Em sua fase inicial, o programa oferece 100 teleconsultas por semana em 16 centros de saúde: Barão Geraldo, Joaquim Egídio, DIC 3, Aeroporto, 31 de Março, Carlos Gomes, Rossin, Bassoli, Aurélia, San Diego, São Marcos, Boa Vista, Costa e Silva, Nova América, Capivari e Centro.  A partir do segundo semestre, de acordo com a administração, o número semanal de consultas será ampliado para 400 e o serviço será oferecido em todos os centros de saúde de Campinas.

“A adoção da Saúde Digital é uma opção da nossa gestão para oferecer mais uma ferramenta de acesso à saúde pública. Além disso, ao fazer essas consultas, desafogamos os prontos-socorros e unidades de pronto atendimento”, disse o prefeito Dário Saadi durante o evento de lançamento da ferramenta. Ele ressaltou que o atendimento presencial não será substituído pelo digital. “Trabalhamos com ampliação de jornada, horas extras e profissionais credenciados para este tipo de consulta”, explicou.

Na fase atual, o paciente com queixa que não tem consulta agendada passa pela triagem do centro de saúde onde procurar atendimento. Se for o caso de consulta médica, a enfermeira vai oferecer o serviço de teleconsulta. Se a pessoa aceitar, ela receberá um comprovante com o horário do atendimento on-line por whatsApp ou SMS.

Um pouco antes do horário, um link será enviado para o celular do paciente. Daí, basta clicar e entrar na sala virtual do médico. Esse acesso pode ser feito do lugar que o paciente desejar. Se a pessoa não tiver equipamento para o procedimento virtual, poderá acessar o profissional por meio de um computador do centro de saúde.

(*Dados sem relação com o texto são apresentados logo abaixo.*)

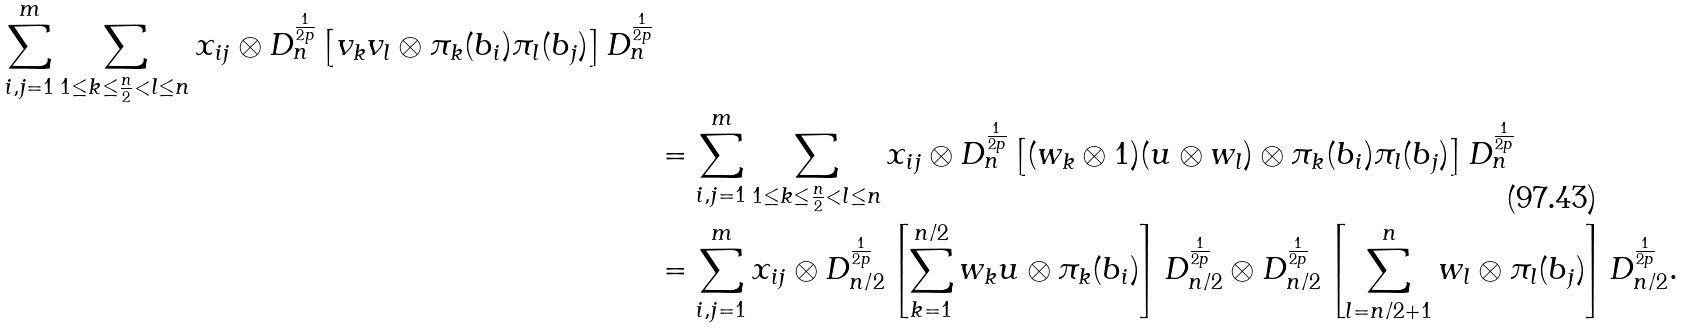<formula> <loc_0><loc_0><loc_500><loc_500>{ \sum ^ { m } _ { i , j = 1 } \sum _ { 1 \leq k \leq \frac { n } { 2 } < l \leq n } x _ { i j } \otimes D ^ { \frac { 1 } { 2 p } } _ { n } \left [ v _ { k } v _ { l } \otimes \pi _ { k } ( b _ { i } ) \pi _ { l } ( b _ { j } ) \right ] D ^ { \frac { 1 } { 2 p } } _ { n } } \\ & = \sum ^ { m } _ { i , j = 1 } \sum _ { 1 \leq k \leq \frac { n } { 2 } < l \leq n } x _ { i j } \otimes D ^ { \frac { 1 } { 2 p } } _ { n } \left [ ( w _ { k } \otimes 1 ) ( u \otimes w _ { l } ) \otimes \pi _ { k } ( b _ { i } ) \pi _ { l } ( b _ { j } ) \right ] D ^ { \frac { 1 } { 2 p } } _ { n } \\ & = \sum ^ { m } _ { i , j = 1 } x _ { i j } \otimes D ^ { \frac { 1 } { 2 p } } _ { n / 2 } \left [ \sum ^ { n / 2 } _ { k = 1 } w _ { k } u \otimes \pi _ { k } ( b _ { i } ) \right ] D ^ { \frac { 1 } { 2 p } } _ { n / 2 } \otimes D ^ { \frac { 1 } { 2 p } } _ { n / 2 } \left [ \sum ^ { n } _ { l = n / 2 + 1 } w _ { l } \otimes \pi _ { l } ( b _ { j } ) \right ] D ^ { \frac { 1 } { 2 p } } _ { n / 2 } .</formula> 
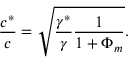<formula> <loc_0><loc_0><loc_500><loc_500>\frac { c ^ { * } } { c } = \sqrt { \frac { \gamma ^ { * } } { \gamma } \frac { 1 } { 1 + \Phi _ { m } } } .</formula>

O médico que fará o atendimento a distância fica instalado no Hospital Municipal Dr. Mário Gatti. No final da consulta, haverá a possibilidade de avaliação e o envio de material educativo. Neste mês, por exemplo, está sendo divulgado o Maio Amarelo.

Ampliação

Até o final deste ano, os pacientes poderão agendar as teleconsultas pelo site da Prefeitura, pelo aplicativo que está sendo desenvolvido ou pelo telefone 160.

O secretário de Saúde de Campinas, Lair Zambon, afirmou que a nova plataforma contempla muitas demandas da área da Saúde. “Vamos conseguir diminuir a desigualdade de acesso à Saúde”, disse. Ele ressaltou que a implantação é contínua e que mudará de acordo com os avanços da tecnologia.

“A ideia inicial é agilizar o atendimento e diminuir o fluxo de pessoas nos serviços de urgência e emergência. Calculamos que 20% dos atendimentos feitos em prontos-socorros e unidades de pronto atendimento poderiam ser resolvidos nos centros de saúde”, comentou o presidente da Rede Mário Gatti de Urgência e Emergência.

Interconsultas

Outro recurso que faz parte desta primeira fase é a interconsulta, que permite que o médico generalista dos centros de saúde se comunique com especialistas das policlínicas da Rede Municipal de Saúde para tirar dúvidas. Por enquanto, a modalidade só está sendo realizada com as especialidades de cardiologia e endocrinologia.

Funciona assim: se um médico da Atenção Básica atender um paciente cardíaco e quiser uma segunda opinião sobre o encaminhamento que será dado, pode acessar a plataforma (por enquanto disponível apenas para este serviço) e deixar uma mensagem para o especialista. Esse retorno pode, por exemplo, evitar que o paciente precise ser encaminhado à policlínica e, dessa forma, ter seu caso resolvido mais rapidamente, sem precisar de uma nova consulta.